Mi encuentro con Armando Uribe

Hace unos días caminaba por el Parque Forestal junto a Yorka, mi pierna suave. Era la tarde de un domingo y Yorka tenía ganas de pasear y tomar un helado. Me pareció una idea sensata, era eso o seguir pudriéndonos entre las botellas y las cenizas del cuartucho en el que vivimos.

La caminata no se prolongó por mucho. A dos cuadras nos encontramos con una muchedumbre que observaba cómo un par de mimos se paseaba en medio de la calle, obligando a los vehículos a frenar violentamente para no atropellarlos. Para qué frenan, pregunté, y nos quedamos un rato esperando a que uno de los mimos, o mejor los dos, fueran arrollados. Nada ocurrió, eran unos mimos muy hábiles o los conductores no tenían los cojones suficientes. Lo único que pasó fue un heladero y le pedimos que se acercara. Ella eligió centella, yo trululú…

Seguimos nuestro paseo por el costado del museo de Bellas Artes. Toda la bazofia alternativa lleva años dándose cita en ese lugar para mostrarse y vender sus artefactos y atuendos. Parecía una convención de miopes, todos con sus gafas demasiado gruesas, cargando sus bicicletas pesadas e incómodas. Nos quedamos hojeando unos libros que vendía una chica con mucha onda. Me llamó la atención un compendio de obras de Nietzsche, colegí que quizás esta chica podría ser una estudiante de filosofía, así que por ahí intenté crear un diálogo, estaba muy rica.
- ¿Oye y este libro de Nietzsche?

- A ver… ¡Ah, es rebueno!

- ¿Lo leíste?

- No

- ¿Entonces cómo sabes que es bueno?

- Ah, no sé, seguramente lo leí alguna vez, no me acuerdo, te lo dejo en 3 lucas.

Metros más allá una manada de Hare Krishnas entonaban sus mantras y a traqueteaban sus tambores.
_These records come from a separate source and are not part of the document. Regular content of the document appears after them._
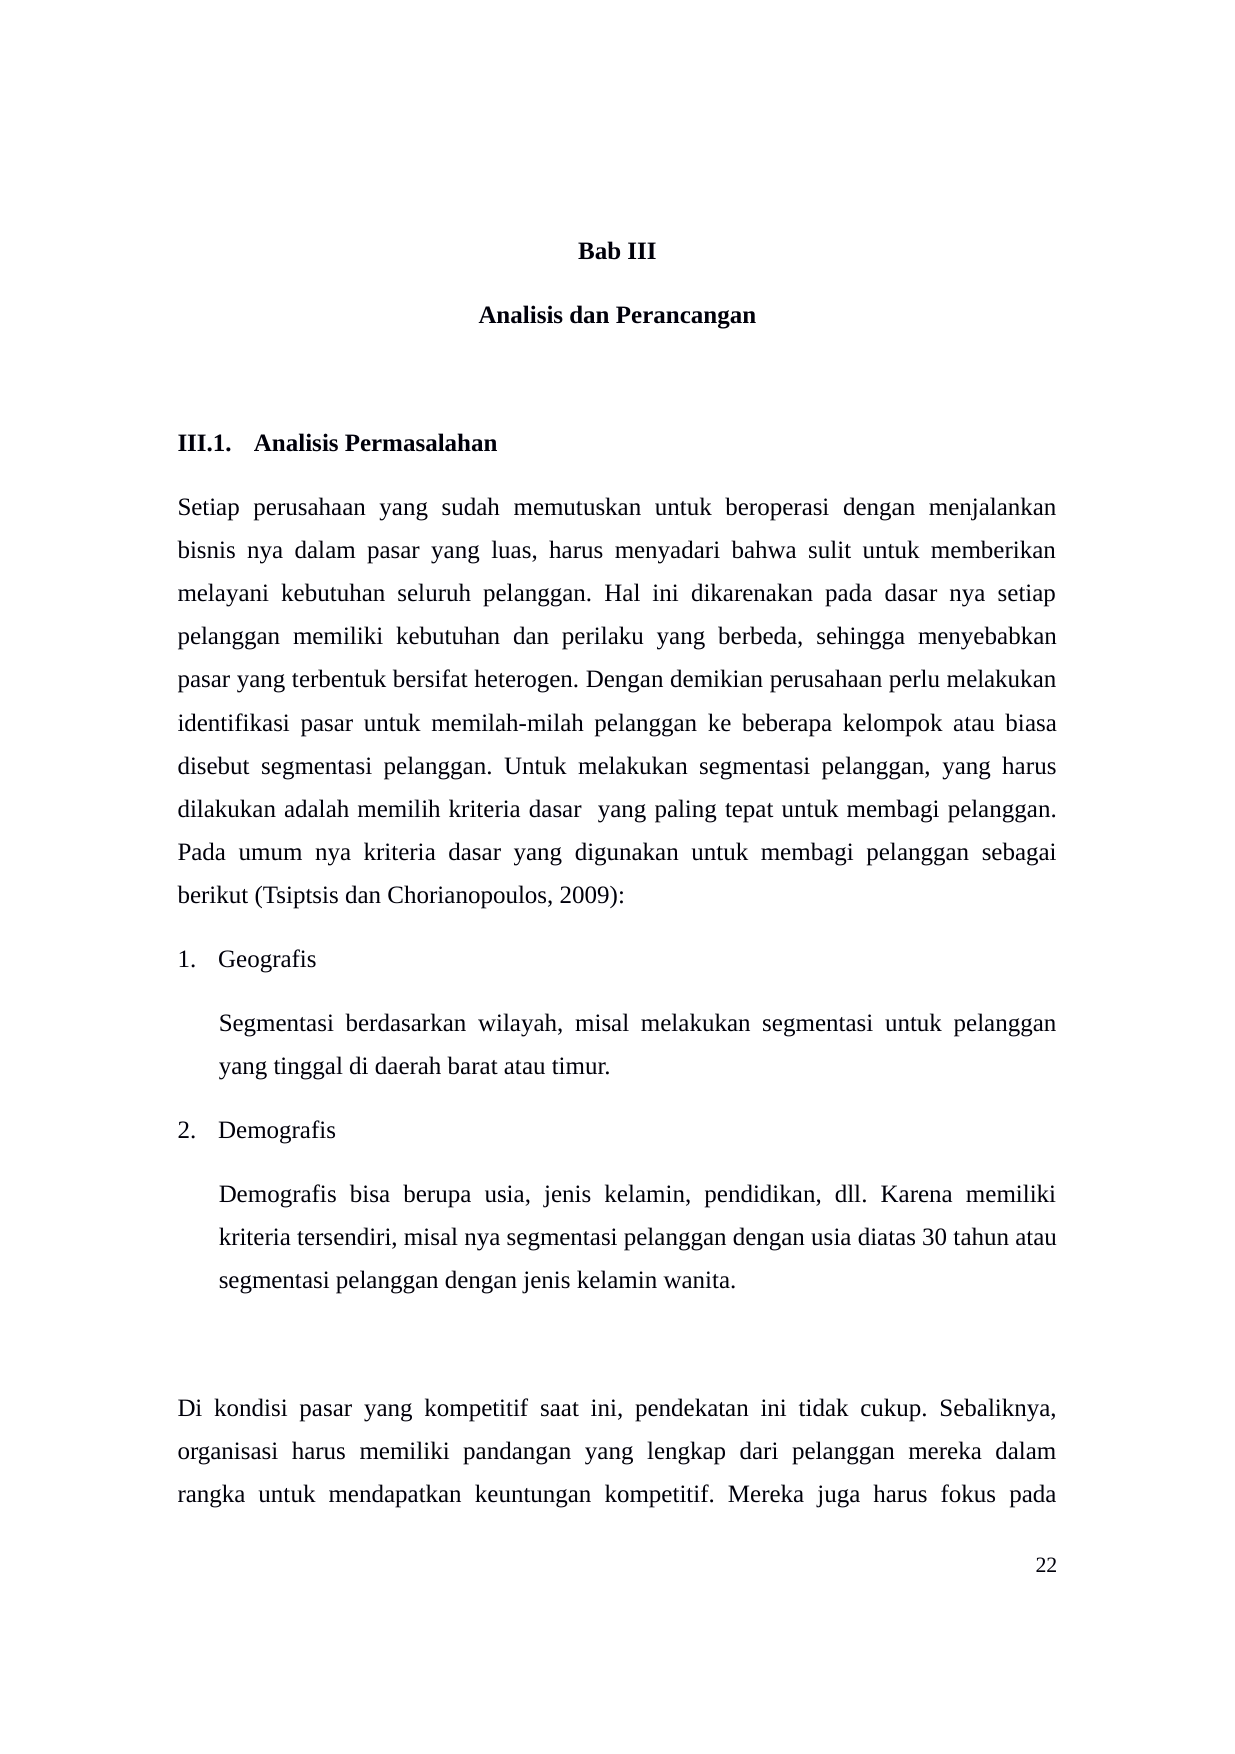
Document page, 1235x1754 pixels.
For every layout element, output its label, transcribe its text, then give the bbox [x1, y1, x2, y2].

text Segmentasi berdasarkan wilayah, misal melakukan segmentasi untuk pelanggan yang tinggal di daerah barat atau timur. [218, 1008, 1057, 1080]
list Demografis [177, 1115, 1057, 1144]
text Setiap perusahaan yang sudah memutuskan untuk beroperasi dengan menjalankan bisnis nya dalam pasar yang luas, harus menyadari bahwa sulit untuk memberikan melayani kebutuhan seluruh pelanggan. Hal ini dikarenakan pada dasar nya setiap pelanggan memiliki kebutuhan dan perilaku yang berbeda, sehingga menyebabkan pasar yang terbentuk bersifat heterogen. Dengan demikian perusahaan perlu melakukan identifikasi pasar untuk memilah-milah pelanggan ke beberapa kelompok atau biasa disebut segmentasi pelanggan. Untuk melakukan segmentasi pelanggan, yang harus dilakukan adalah memilih kriteria dasar yang paling tepat untuk membagi pelanggan. Pada umum nya kriteria dasar yang digunakan untuk membagi pelanggan sebagai berikut (Tsiptsis dan Chorianopoulos, 2009): [177, 492, 1057, 909]
list Geografis [177, 944, 1057, 973]
subtitle Bab III [177, 236, 1057, 265]
text Demografis bisa berupa usia, jenis kelamin, pendidikan, dll. Karena memiliki kriteria tersendiri, misal nya segmentasi pelanggan dengan usia diatas 30 tahun atau segmentasi pelanggan dengan jenis kelamin wanita. [218, 1179, 1057, 1294]
subtitle Analisis Permasalahan [177, 428, 1057, 457]
text Di kondisi pasar yang kompetitif saat ini, pendekatan ini tidak cukup. Sebaliknya, organisasi harus memiliki pandangan yang lengkap dari pelanggan mereka dalam rangka untuk mendapatkan keuntungan kompetitif. Mereka juga harus fokus pada [177, 1393, 1057, 1508]
text Analisis dan Perancangan [177, 300, 1057, 329]
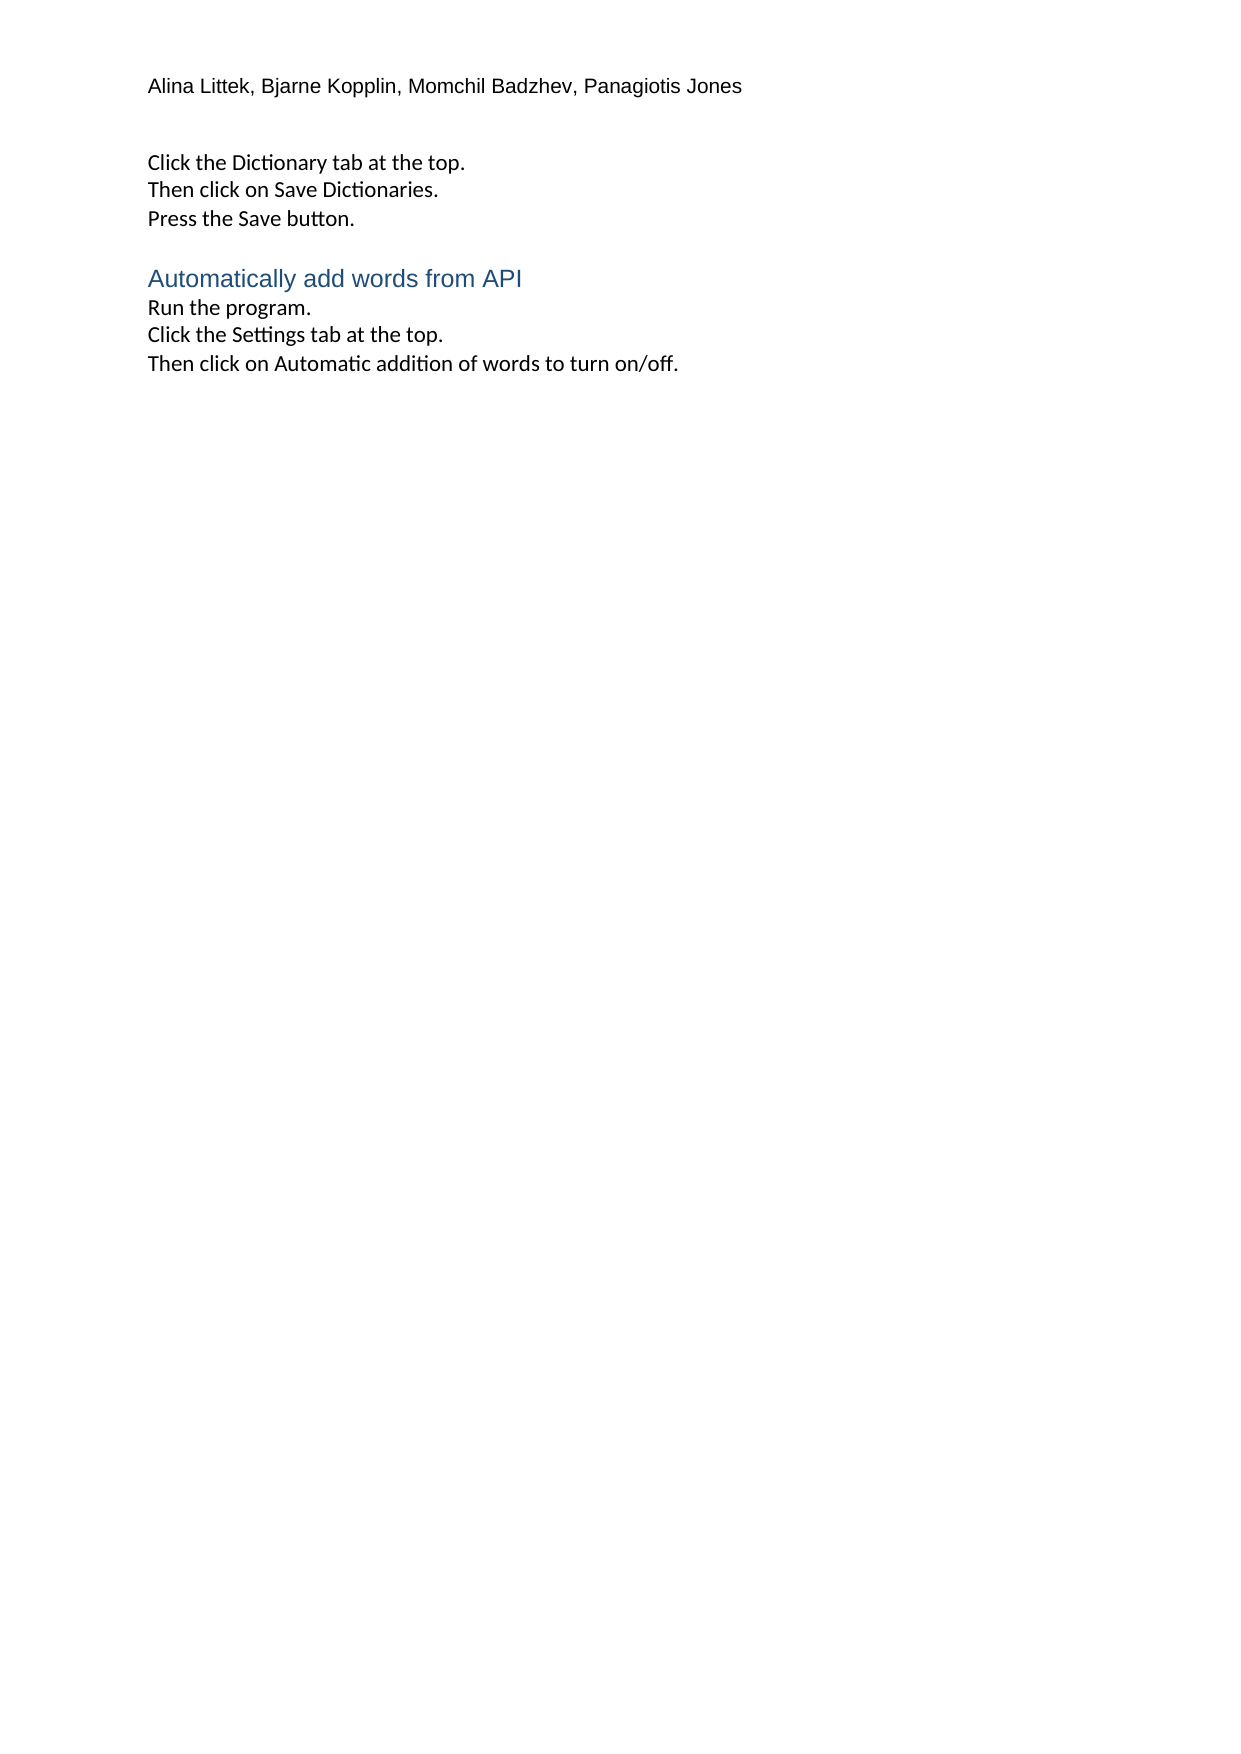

El frontis del MAC estaba atiborrado de malabaristas que daban la impresión de estar hace mucho rato haciendo los mismos trucos y que estarían mucho más en lo mismo. Nos vamos, dije, pesqué de un ala a Yorka y escapamos por una calle lateral.

Camino a casa, en una pequeña plazoleta se había instalado un organillero y un chinchinero a realizar sus respectivos actos, rodeados por un pequeño corro de curiosos. Yorka se acercó al organillo y quedó fascinada mirando al lorito que extraía papelitos que traían escrito algo que supuestamente genera suerte, un conjuro. No le presté mayor atención. El loro se veía flaco y viejo, además el organillero parecía un cadáver, vendía sus globos y remolinos sin expresión alguna. Me di cuenta que mientras giraba la manivela le miraba las tetas a Yorka, pero no me importó. En cambio, si me quedé pegado mirando cómo el chinchinero daba vueltas y vueltas con una precisión estremecedora. Tanta atención le puse y tan rápido giraba que me terminé mareandoy me tuve que sentar y cerrar lso ojos para no vomitar. Cuando el mareo se fue y pude enderezarme, el tipo ya había dejado de dar vueltas y ahora se paseaba entre el público con el sombrero en la mano. Daba la impresión de que estaba pesado, debía estar lleno de monedas. Cuando se me acercó me hice el leso y caminé hacia Yorka. De pronto escuché ¡hey, chinchinero!, todos miramos hacía donde provenía la voz y ahí estaba, a escasos metros, Armando Uribe con su voz de humareda y vestido para la muerte.

-¡Mira, es Armando Uribe!- le dije a Yorka, pero pareció no importarle. Sólo puso la cara del gato de Shrek y me pidió una moneda para que el lorito le sacara un papelito. Me dieron ganas de abofetearla ahí mismo.

El poeta dejó caer un billete. El chinchinero y el organillero se lanzaron como ratas a atraparlo. Yo estaba tan emocionado que comencé a saltar y a hacer aspavientos para llamar su atención, intentando esquivar a los artistas que estaban a puñetazos disputándose el mentado billete. Don Armando encendió un cigarrillo y se quedó mirando el organillo y al lorito, o quizás las tetas de Yorka, quién sabe.

- ¡Heey ArUrAr, aquí!- le grité, ahí recién me miró, con algo así como desprecio.

- ¡Oiga maestro, yo también soy poeta!- al escuchar esto su semblante cambió, a pesar de que no movió ni un músculo de su rostro, me atrevería a decir que le dio risa.

- Lo felicito joven, ¿Y al menos tiene vocación para serlo?- respondió. El humo y su voz de ultratumba transformaron esa irrelevante inquietud en una pregunta de vida o muerte.

- ¡Pero claaro que sí pues, don Armando, ando siempre con una tremenda caña y puedo estar hasta cinco días sin comer!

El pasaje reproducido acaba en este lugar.